Saved data entries
---*---
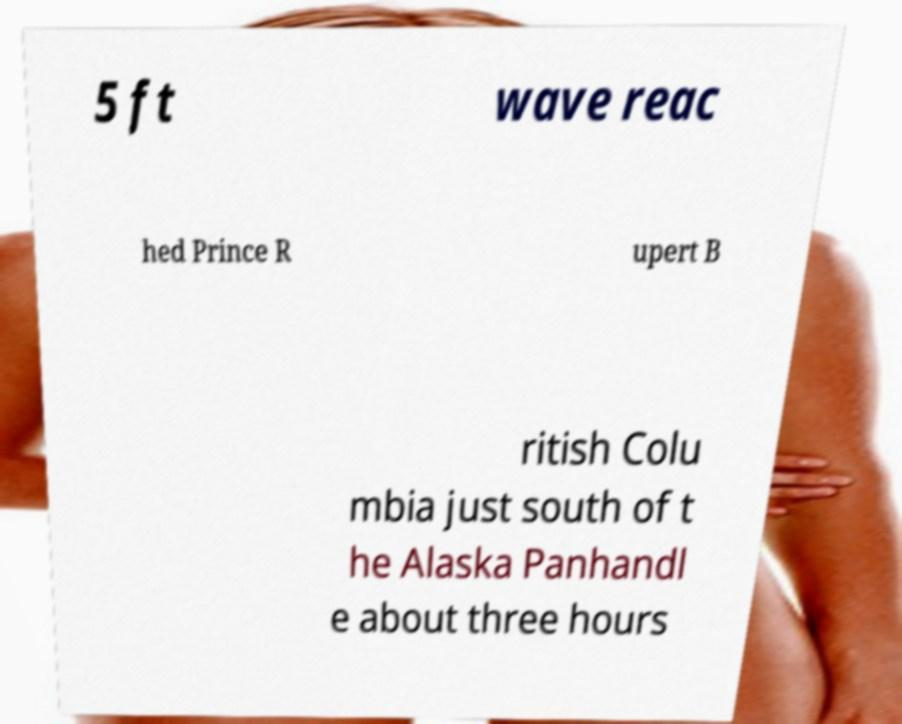For documentation purposes, I need the text within this image transcribed. Could you provide that? 5 ft wave reac hed Prince R upert B ritish Colu mbia just south of t he Alaska Panhandl e about three hours 
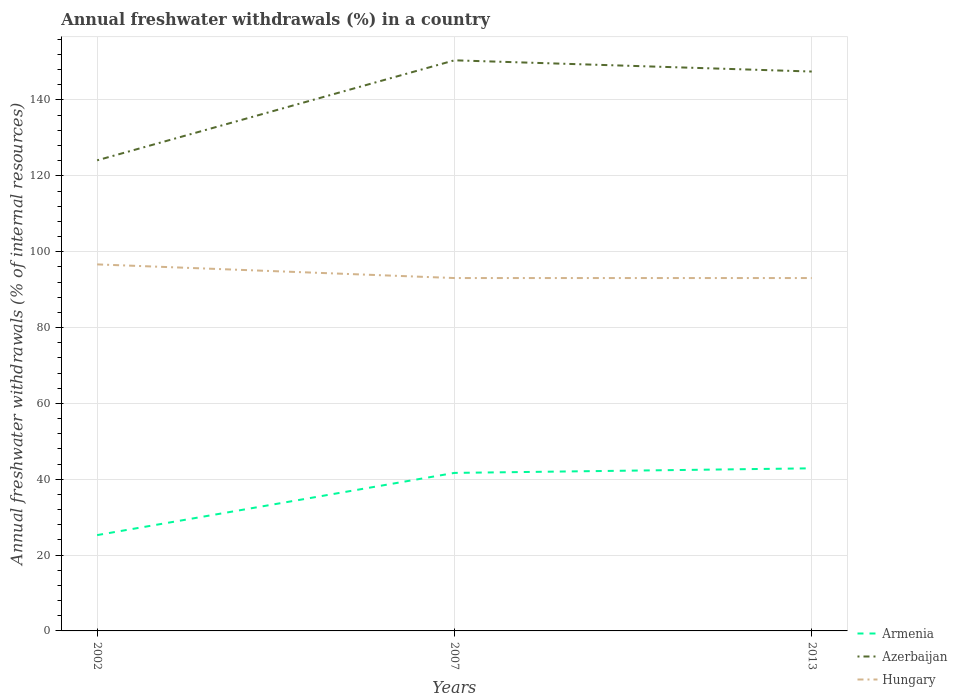Is the number of lines equal to the number of legend labels?
Give a very brief answer. Yes. Across all years, what is the maximum percentage of annual freshwater withdrawals in Armenia?
Provide a succinct answer. 25.27. In which year was the percentage of annual freshwater withdrawals in Armenia maximum?
Provide a short and direct response. 2002. What is the total percentage of annual freshwater withdrawals in Azerbaijan in the graph?
Your answer should be compact. -26.37. What is the difference between the highest and the second highest percentage of annual freshwater withdrawals in Armenia?
Offer a terse response. 17.61. Is the percentage of annual freshwater withdrawals in Armenia strictly greater than the percentage of annual freshwater withdrawals in Azerbaijan over the years?
Make the answer very short. Yes. How many lines are there?
Offer a very short reply. 3. How many years are there in the graph?
Your answer should be compact. 3. What is the difference between two consecutive major ticks on the Y-axis?
Give a very brief answer. 20. Are the values on the major ticks of Y-axis written in scientific E-notation?
Offer a terse response. No. Does the graph contain grids?
Make the answer very short. Yes. How many legend labels are there?
Offer a terse response. 3. How are the legend labels stacked?
Ensure brevity in your answer.  Vertical. What is the title of the graph?
Your response must be concise. Annual freshwater withdrawals (%) in a country. What is the label or title of the Y-axis?
Ensure brevity in your answer.  Annual freshwater withdrawals (% of internal resources). What is the Annual freshwater withdrawals (% of internal resources) in Armenia in 2002?
Your answer should be very brief. 25.27. What is the Annual freshwater withdrawals (% of internal resources) of Azerbaijan in 2002?
Offer a terse response. 124.09. What is the Annual freshwater withdrawals (% of internal resources) in Hungary in 2002?
Provide a short and direct response. 96.65. What is the Annual freshwater withdrawals (% of internal resources) in Armenia in 2007?
Keep it short and to the point. 41.67. What is the Annual freshwater withdrawals (% of internal resources) in Azerbaijan in 2007?
Keep it short and to the point. 150.46. What is the Annual freshwater withdrawals (% of internal resources) of Hungary in 2007?
Offer a very short reply. 93.05. What is the Annual freshwater withdrawals (% of internal resources) in Armenia in 2013?
Offer a terse response. 42.88. What is the Annual freshwater withdrawals (% of internal resources) in Azerbaijan in 2013?
Provide a succinct answer. 147.5. What is the Annual freshwater withdrawals (% of internal resources) of Hungary in 2013?
Provide a short and direct response. 93.05. Across all years, what is the maximum Annual freshwater withdrawals (% of internal resources) of Armenia?
Ensure brevity in your answer.  42.88. Across all years, what is the maximum Annual freshwater withdrawals (% of internal resources) in Azerbaijan?
Your answer should be very brief. 150.46. Across all years, what is the maximum Annual freshwater withdrawals (% of internal resources) of Hungary?
Ensure brevity in your answer.  96.65. Across all years, what is the minimum Annual freshwater withdrawals (% of internal resources) of Armenia?
Your answer should be very brief. 25.27. Across all years, what is the minimum Annual freshwater withdrawals (% of internal resources) of Azerbaijan?
Your response must be concise. 124.09. Across all years, what is the minimum Annual freshwater withdrawals (% of internal resources) of Hungary?
Make the answer very short. 93.05. What is the total Annual freshwater withdrawals (% of internal resources) of Armenia in the graph?
Offer a terse response. 109.81. What is the total Annual freshwater withdrawals (% of internal resources) in Azerbaijan in the graph?
Your answer should be very brief. 422.06. What is the total Annual freshwater withdrawals (% of internal resources) of Hungary in the graph?
Provide a succinct answer. 282.75. What is the difference between the Annual freshwater withdrawals (% of internal resources) of Armenia in 2002 and that in 2007?
Your answer should be very brief. -16.4. What is the difference between the Annual freshwater withdrawals (% of internal resources) of Azerbaijan in 2002 and that in 2007?
Keep it short and to the point. -26.37. What is the difference between the Annual freshwater withdrawals (% of internal resources) in Armenia in 2002 and that in 2013?
Make the answer very short. -17.61. What is the difference between the Annual freshwater withdrawals (% of internal resources) of Azerbaijan in 2002 and that in 2013?
Provide a short and direct response. -23.41. What is the difference between the Annual freshwater withdrawals (% of internal resources) of Hungary in 2002 and that in 2013?
Your response must be concise. 3.6. What is the difference between the Annual freshwater withdrawals (% of internal resources) of Armenia in 2007 and that in 2013?
Ensure brevity in your answer.  -1.21. What is the difference between the Annual freshwater withdrawals (% of internal resources) in Azerbaijan in 2007 and that in 2013?
Keep it short and to the point. 2.96. What is the difference between the Annual freshwater withdrawals (% of internal resources) in Armenia in 2002 and the Annual freshwater withdrawals (% of internal resources) in Azerbaijan in 2007?
Give a very brief answer. -125.2. What is the difference between the Annual freshwater withdrawals (% of internal resources) in Armenia in 2002 and the Annual freshwater withdrawals (% of internal resources) in Hungary in 2007?
Keep it short and to the point. -67.78. What is the difference between the Annual freshwater withdrawals (% of internal resources) in Azerbaijan in 2002 and the Annual freshwater withdrawals (% of internal resources) in Hungary in 2007?
Provide a succinct answer. 31.04. What is the difference between the Annual freshwater withdrawals (% of internal resources) of Armenia in 2002 and the Annual freshwater withdrawals (% of internal resources) of Azerbaijan in 2013?
Keep it short and to the point. -122.24. What is the difference between the Annual freshwater withdrawals (% of internal resources) of Armenia in 2002 and the Annual freshwater withdrawals (% of internal resources) of Hungary in 2013?
Your answer should be compact. -67.78. What is the difference between the Annual freshwater withdrawals (% of internal resources) in Azerbaijan in 2002 and the Annual freshwater withdrawals (% of internal resources) in Hungary in 2013?
Offer a terse response. 31.04. What is the difference between the Annual freshwater withdrawals (% of internal resources) in Armenia in 2007 and the Annual freshwater withdrawals (% of internal resources) in Azerbaijan in 2013?
Make the answer very short. -105.84. What is the difference between the Annual freshwater withdrawals (% of internal resources) of Armenia in 2007 and the Annual freshwater withdrawals (% of internal resources) of Hungary in 2013?
Offer a very short reply. -51.38. What is the difference between the Annual freshwater withdrawals (% of internal resources) in Azerbaijan in 2007 and the Annual freshwater withdrawals (% of internal resources) in Hungary in 2013?
Your answer should be very brief. 57.41. What is the average Annual freshwater withdrawals (% of internal resources) in Armenia per year?
Keep it short and to the point. 36.6. What is the average Annual freshwater withdrawals (% of internal resources) in Azerbaijan per year?
Offer a very short reply. 140.69. What is the average Annual freshwater withdrawals (% of internal resources) in Hungary per year?
Your response must be concise. 94.25. In the year 2002, what is the difference between the Annual freshwater withdrawals (% of internal resources) in Armenia and Annual freshwater withdrawals (% of internal resources) in Azerbaijan?
Your response must be concise. -98.83. In the year 2002, what is the difference between the Annual freshwater withdrawals (% of internal resources) in Armenia and Annual freshwater withdrawals (% of internal resources) in Hungary?
Your answer should be very brief. -71.38. In the year 2002, what is the difference between the Annual freshwater withdrawals (% of internal resources) of Azerbaijan and Annual freshwater withdrawals (% of internal resources) of Hungary?
Provide a short and direct response. 27.44. In the year 2007, what is the difference between the Annual freshwater withdrawals (% of internal resources) of Armenia and Annual freshwater withdrawals (% of internal resources) of Azerbaijan?
Your answer should be very brief. -108.79. In the year 2007, what is the difference between the Annual freshwater withdrawals (% of internal resources) in Armenia and Annual freshwater withdrawals (% of internal resources) in Hungary?
Make the answer very short. -51.38. In the year 2007, what is the difference between the Annual freshwater withdrawals (% of internal resources) in Azerbaijan and Annual freshwater withdrawals (% of internal resources) in Hungary?
Ensure brevity in your answer.  57.41. In the year 2013, what is the difference between the Annual freshwater withdrawals (% of internal resources) in Armenia and Annual freshwater withdrawals (% of internal resources) in Azerbaijan?
Make the answer very short. -104.63. In the year 2013, what is the difference between the Annual freshwater withdrawals (% of internal resources) of Armenia and Annual freshwater withdrawals (% of internal resources) of Hungary?
Your answer should be very brief. -50.17. In the year 2013, what is the difference between the Annual freshwater withdrawals (% of internal resources) of Azerbaijan and Annual freshwater withdrawals (% of internal resources) of Hungary?
Ensure brevity in your answer.  54.45. What is the ratio of the Annual freshwater withdrawals (% of internal resources) of Armenia in 2002 to that in 2007?
Provide a succinct answer. 0.61. What is the ratio of the Annual freshwater withdrawals (% of internal resources) in Azerbaijan in 2002 to that in 2007?
Offer a very short reply. 0.82. What is the ratio of the Annual freshwater withdrawals (% of internal resources) in Hungary in 2002 to that in 2007?
Provide a short and direct response. 1.04. What is the ratio of the Annual freshwater withdrawals (% of internal resources) of Armenia in 2002 to that in 2013?
Ensure brevity in your answer.  0.59. What is the ratio of the Annual freshwater withdrawals (% of internal resources) in Azerbaijan in 2002 to that in 2013?
Your response must be concise. 0.84. What is the ratio of the Annual freshwater withdrawals (% of internal resources) of Hungary in 2002 to that in 2013?
Give a very brief answer. 1.04. What is the ratio of the Annual freshwater withdrawals (% of internal resources) in Armenia in 2007 to that in 2013?
Offer a terse response. 0.97. What is the ratio of the Annual freshwater withdrawals (% of internal resources) in Azerbaijan in 2007 to that in 2013?
Provide a short and direct response. 1.02. What is the difference between the highest and the second highest Annual freshwater withdrawals (% of internal resources) in Armenia?
Keep it short and to the point. 1.21. What is the difference between the highest and the second highest Annual freshwater withdrawals (% of internal resources) of Azerbaijan?
Ensure brevity in your answer.  2.96. What is the difference between the highest and the lowest Annual freshwater withdrawals (% of internal resources) in Armenia?
Give a very brief answer. 17.61. What is the difference between the highest and the lowest Annual freshwater withdrawals (% of internal resources) of Azerbaijan?
Give a very brief answer. 26.37. What is the difference between the highest and the lowest Annual freshwater withdrawals (% of internal resources) in Hungary?
Offer a terse response. 3.6. 
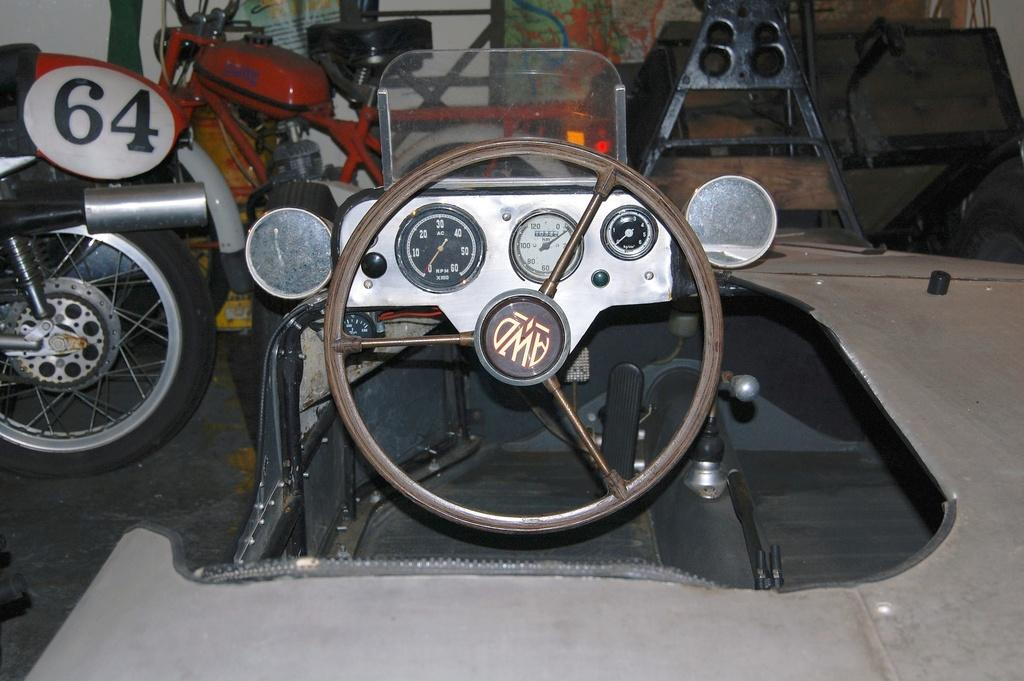What types of vehicles can be seen in the image? There are vehicles in the image, but the specific types cannot be determined from the provided facts. What is located in the top right corner of the image? There are objects in the top right corner of the image, but their nature cannot be determined from the provided facts. What can be seen beneath the vehicles in the image? The ground is visible in the image. What type of structure is present in the image? There is a wall in the image. What type of current is flowing through the steel wall in the image? There is no mention of a steel wall or any current in the image; the facts only mention vehicles, objects in the top right corner, the ground, and a wall. 
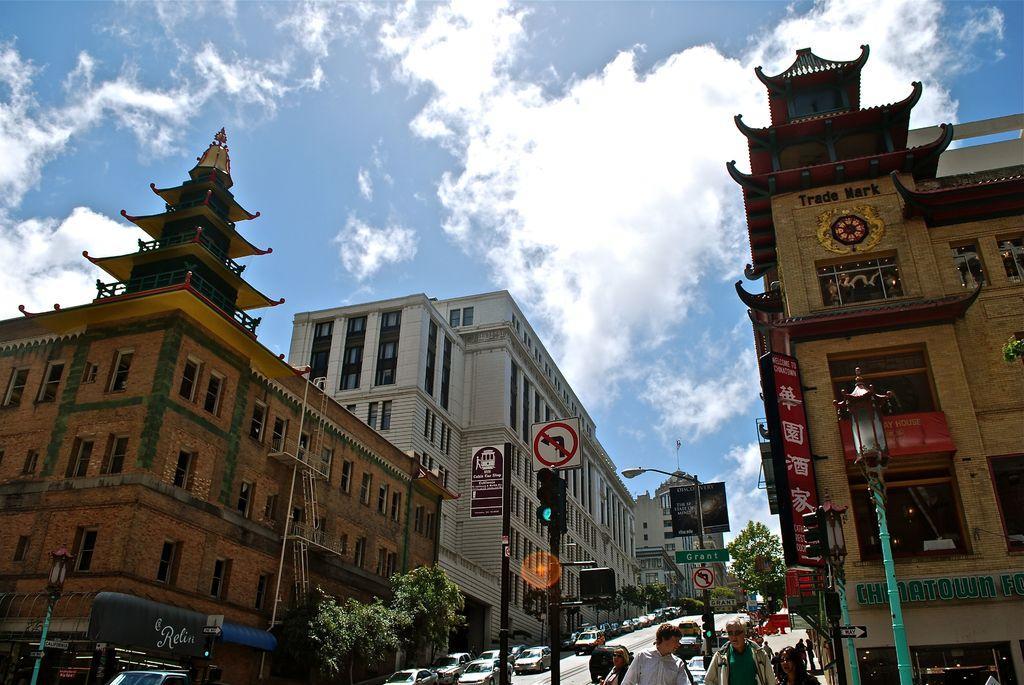Describe this image in one or two sentences. In this picture we can see a group of people standing on the pathway. On the left and right side of the people there are poles with lights, sign boards, traffic signals and a directional board. On the right side of the poles there is a building with names boards. On the left side of the poles there are trees and vehicles on the road. On the left side of the vehicles there are buildings. Behind the buildings there is the sky. 
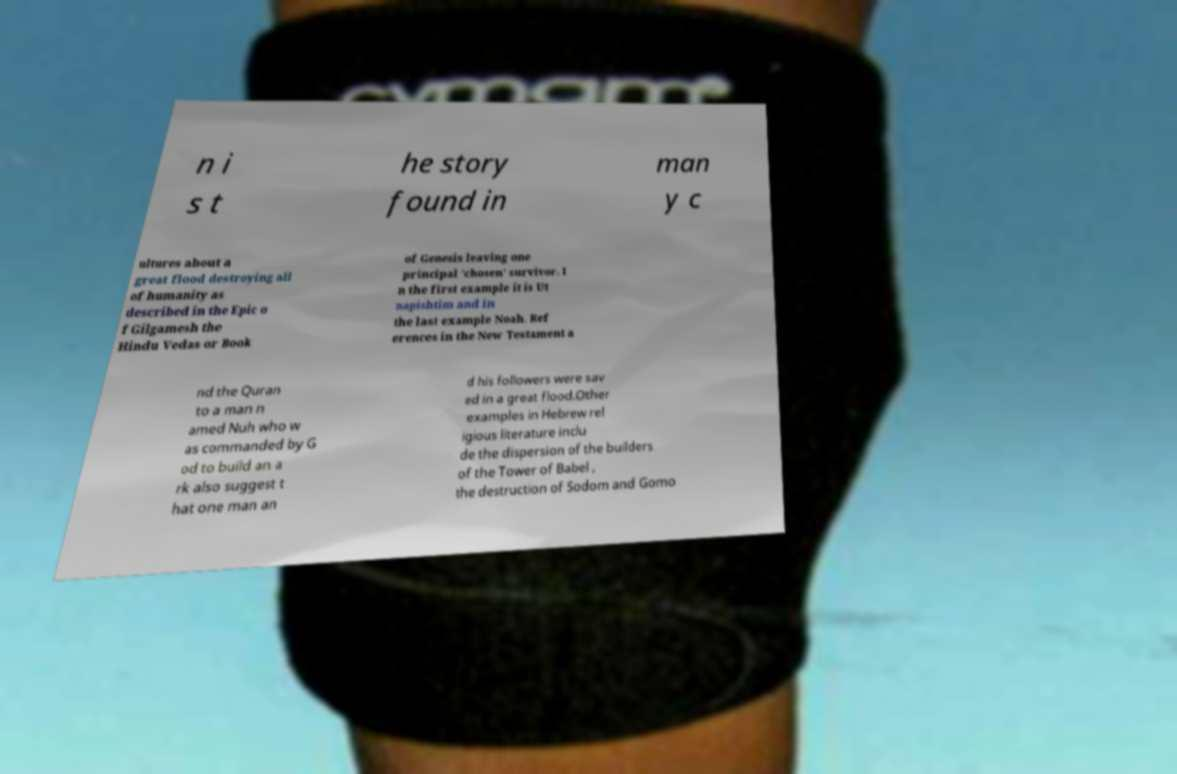Please identify and transcribe the text found in this image. n i s t he story found in man y c ultures about a great flood destroying all of humanity as described in the Epic o f Gilgamesh the Hindu Vedas or Book of Genesis leaving one principal 'chosen' survivor. I n the first example it is Ut napishtim and in the last example Noah. Ref erences in the New Testament a nd the Quran to a man n amed Nuh who w as commanded by G od to build an a rk also suggest t hat one man an d his followers were sav ed in a great flood.Other examples in Hebrew rel igious literature inclu de the dispersion of the builders of the Tower of Babel , the destruction of Sodom and Gomo 
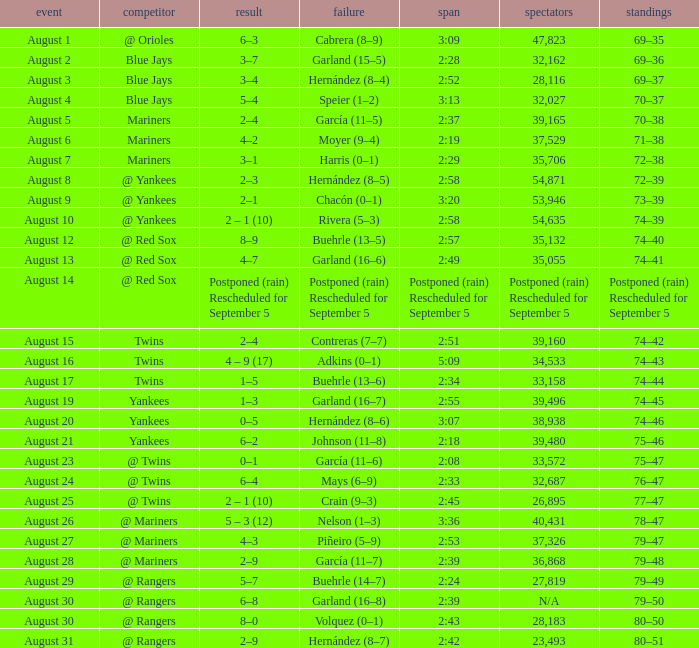Who lost on August 27? Piñeiro (5–9). 
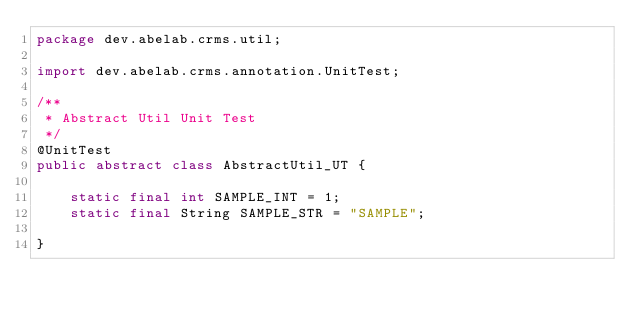Convert code to text. <code><loc_0><loc_0><loc_500><loc_500><_Java_>package dev.abelab.crms.util;

import dev.abelab.crms.annotation.UnitTest;

/**
 * Abstract Util Unit Test
 */
@UnitTest
public abstract class AbstractUtil_UT {

    static final int SAMPLE_INT = 1;
    static final String SAMPLE_STR = "SAMPLE";

}
</code> 
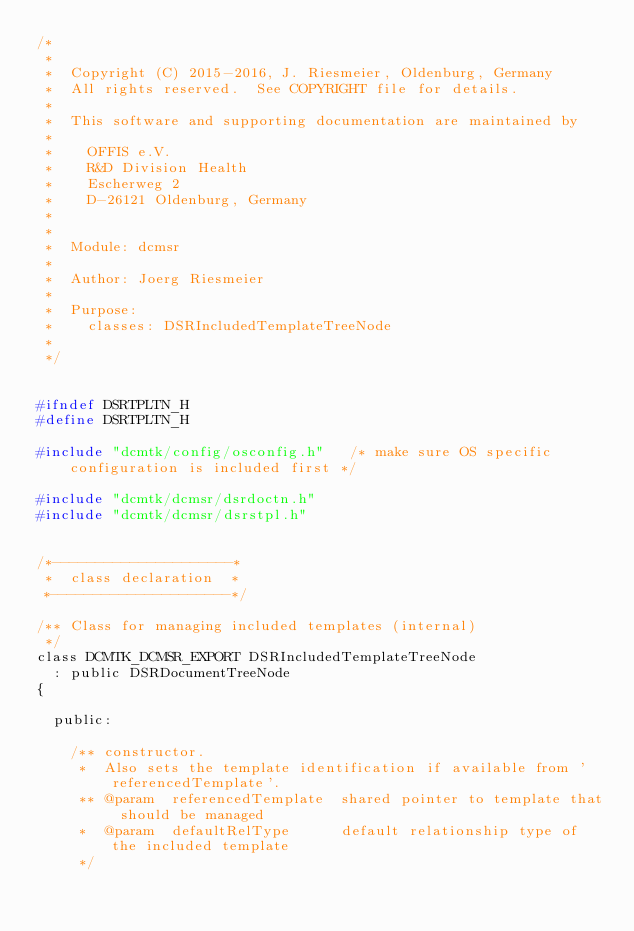<code> <loc_0><loc_0><loc_500><loc_500><_C_>/*
 *
 *  Copyright (C) 2015-2016, J. Riesmeier, Oldenburg, Germany
 *  All rights reserved.  See COPYRIGHT file for details.
 *
 *  This software and supporting documentation are maintained by
 *
 *    OFFIS e.V.
 *    R&D Division Health
 *    Escherweg 2
 *    D-26121 Oldenburg, Germany
 *
 *
 *  Module: dcmsr
 *
 *  Author: Joerg Riesmeier
 *
 *  Purpose:
 *    classes: DSRIncludedTemplateTreeNode
 *
 */


#ifndef DSRTPLTN_H
#define DSRTPLTN_H

#include "dcmtk/config/osconfig.h"   /* make sure OS specific configuration is included first */

#include "dcmtk/dcmsr/dsrdoctn.h"
#include "dcmtk/dcmsr/dsrstpl.h"


/*---------------------*
 *  class declaration  *
 *---------------------*/

/** Class for managing included templates (internal)
 */
class DCMTK_DCMSR_EXPORT DSRIncludedTemplateTreeNode
  : public DSRDocumentTreeNode
{

  public:

    /** constructor.
     *  Also sets the template identification if available from 'referencedTemplate'.
     ** @param  referencedTemplate  shared pointer to template that should be managed
     *  @param  defaultRelType      default relationship type of the included template
     */</code>
---*---
■ Problem to work on: Give back, unchanged, every line from the one with "file for details." to the end of the entries above.

■ Answer section:
 *  All rights reserved.  See COPYRIGHT file for details.
 *
 *  This software and supporting documentation are maintained by
 *
 *    OFFIS e.V.
 *    R&D Division Health
 *    Escherweg 2
 *    D-26121 Oldenburg, Germany
 *
 *
 *  Module: dcmsr
 *
 *  Author: Joerg Riesmeier
 *
 *  Purpose:
 *    classes: DSRIncludedTemplateTreeNode
 *
 */


#ifndef DSRTPLTN_H
#define DSRTPLTN_H

#include "dcmtk/config/osconfig.h"   /* make sure OS specific configuration is included first */

#include "dcmtk/dcmsr/dsrdoctn.h"
#include "dcmtk/dcmsr/dsrstpl.h"


/*---------------------*
 *  class declaration  *
 *---------------------*/

/** Class for managing included templates (internal)
 */
class DCMTK_DCMSR_EXPORT DSRIncludedTemplateTreeNode
  : public DSRDocumentTreeNode
{

  public:

    /** constructor.
     *  Also sets the template identification if available from 'referencedTemplate'.
     ** @param  referencedTemplate  shared pointer to template that should be managed
     *  @param  defaultRelType      default relationship type of the included template
     */</code>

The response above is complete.